I don’t know what to say about this article—which is largely a critique of a grandfathered “cap & trade” system for reducing greenhouse emissions.

On the one hand, I shouldn’t complain. Any serious discussion in the press of climate policy is welcome.

But on the other hand—jeez, is it so hard to get climate policy right?

My problem isn’t so much that the article gets things wrong, (though it does). Instead, it’s that it tells at most half the story of cap and trade—and maybe not even the important half.

  • Our work is made possible by the generosity of people like you!

    Thanks to Forrest Michael for supporting a sustainable Cascadia.


  • Here are some things that, from my perspective, the article clearly gets right:

    • “Grandfathering” penalizes good citizenship — Handing out free “emissions credits” based on a company’s historic pollution may actually reward firms that have done nothing to reduce their emissions. The more you’ve done to limit your emissions in the past, the less you stand to benefit from a grandfathering system. So strict grandfathering sends exactly the wrong signal: delay any efficiency upgrades for as long as possible.
    • “Grandfathering” is a legal nightmare—Emissions credits are worth money—so if the government hands them out for free, there’s going to be a mad scramble by everyone to maximize their share. Expect lots of companies to lawyer up, and lots of lawsuits, especially in the early years.
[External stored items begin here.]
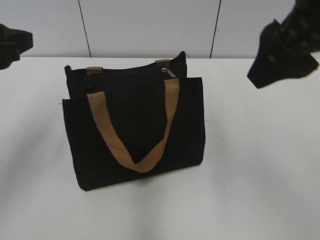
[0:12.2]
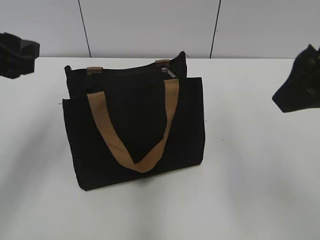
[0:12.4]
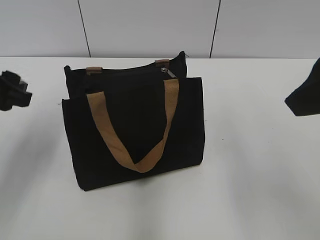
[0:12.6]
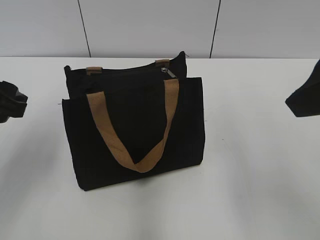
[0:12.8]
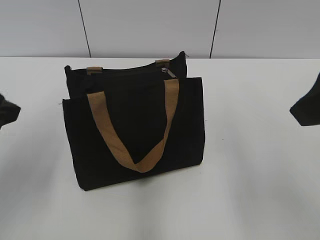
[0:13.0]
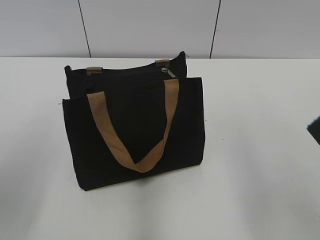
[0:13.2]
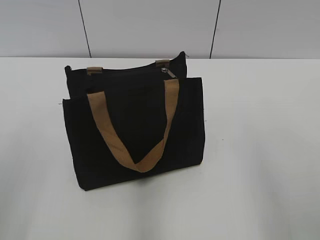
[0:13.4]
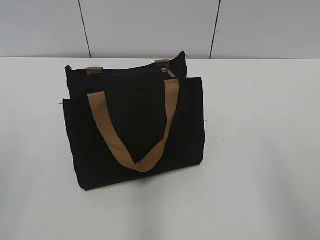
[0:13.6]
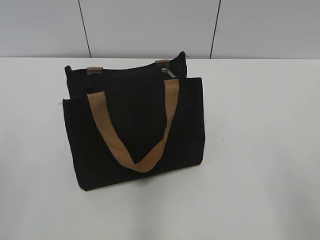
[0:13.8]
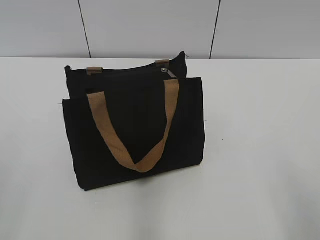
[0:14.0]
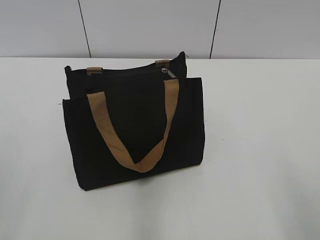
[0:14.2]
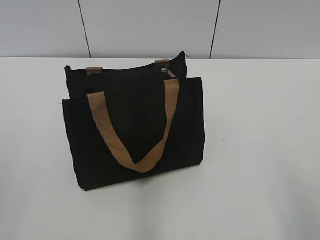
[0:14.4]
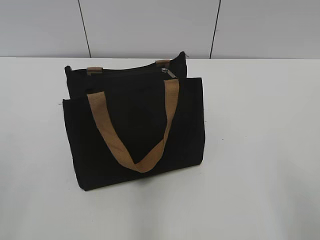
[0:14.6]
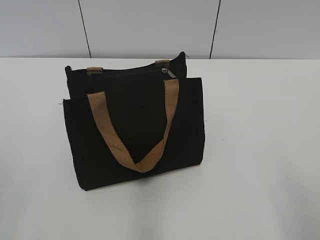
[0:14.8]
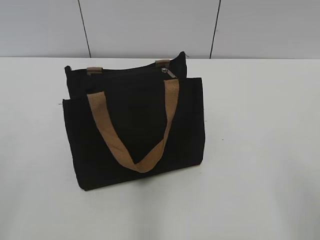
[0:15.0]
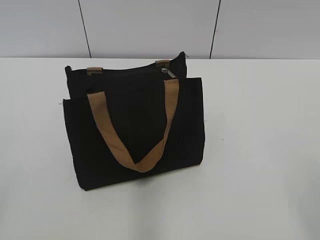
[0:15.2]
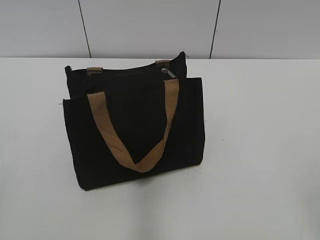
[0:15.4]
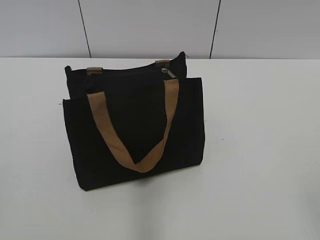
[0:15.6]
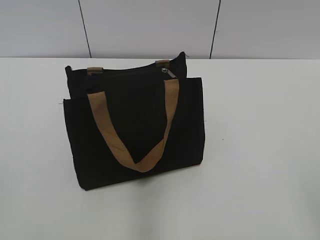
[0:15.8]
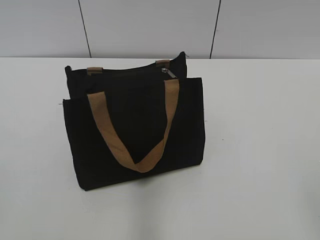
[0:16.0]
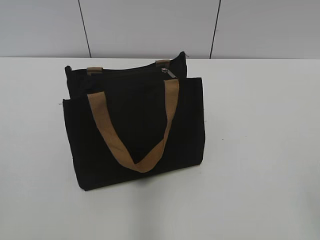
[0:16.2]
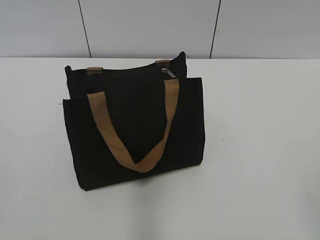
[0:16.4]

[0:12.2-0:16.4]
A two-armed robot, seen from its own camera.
0:12.2 to 0:13.6: The left gripper goes about 15 cm backward, while the right gripper travels backward and to the right by roughly 20 cm.

    Here’s something it gets wrong:

    • ‘ “A carbon tax is more economically efficient,”…says [economist Marc Jaccard], since it flows into all types of buying decisions, including those by consumers.’ —NO, NO, NO! I mean, I agree that carbon taxes are more efficient than a grandfathered cap & trade system, since taxes are so much easier to administer. But as for the implication that cap & trade doesn’t send price signals throughout the economy, it’s just dead wrong: a carbon cap winds up sending virtually the same price signals as a carbon tax. The only exceptions are in tightly regulated markets, such as rate-of-return regulated electric utilities, where firms may not be able to pass on the opportunity cost of allowances to their customers. (I’d be curious to know if Jaccard thinks this, or if it was a boo-boo by the reporter.)
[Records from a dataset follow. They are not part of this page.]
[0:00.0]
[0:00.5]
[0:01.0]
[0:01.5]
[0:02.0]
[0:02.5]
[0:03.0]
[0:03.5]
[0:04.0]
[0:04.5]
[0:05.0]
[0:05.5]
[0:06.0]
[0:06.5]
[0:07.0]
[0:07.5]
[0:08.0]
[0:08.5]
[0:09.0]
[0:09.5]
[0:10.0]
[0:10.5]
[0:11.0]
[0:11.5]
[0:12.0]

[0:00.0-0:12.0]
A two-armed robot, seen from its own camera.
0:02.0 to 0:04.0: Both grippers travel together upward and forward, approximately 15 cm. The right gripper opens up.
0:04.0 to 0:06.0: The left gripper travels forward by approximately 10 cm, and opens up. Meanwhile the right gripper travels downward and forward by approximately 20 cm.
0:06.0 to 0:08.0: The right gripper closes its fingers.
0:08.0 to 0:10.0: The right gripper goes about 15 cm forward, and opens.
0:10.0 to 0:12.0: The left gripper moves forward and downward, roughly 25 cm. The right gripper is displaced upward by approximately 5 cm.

    But here’s the big, whopping elephant in the living room—which the article misses entirely:

    • Grandfathered cap and trade will lead to massive windfall profits for historic polluters. I think this point can’t be stressed enough: even if companies get their emissions permits for free, they’ll still charge their customers for them. The best analogy I’ve heard is that emissions permits are like World Series tickets—they’re something of value, in limited supply. And if the government just gives all the World Series tickets to Exxon, you don’t think Exxon will turn around and give them as freebies to their customers, do you? I certainly don’t.

    As it turns out, there’s actual empirical evidence for this last point: when the European Union handed out its emissions permits for its greenhouse trading system, the firms that received free credits still raised prices. (That’s just the way markets work: if firms have something that customers are willing to pay for, they’ll sell it, regardless of how much they paid for it.)

    So in my mind, the biggest difference between grandfathered cap & trade and a carbon tax is this: grandfathering amounts to a massive, ginormous subsidy to any firm that gets free carbon permits. Taxes, or an auctioned cap & trade system, have the virtue of at least capturing the revenue for public purposes—reducing other taxes, cushioning price effects on the poor, paying for renewable energy, or anything other than a massive windfall for shareholders. Any critique of grandfathered cap and trade that overlooks this fact is really missing the point.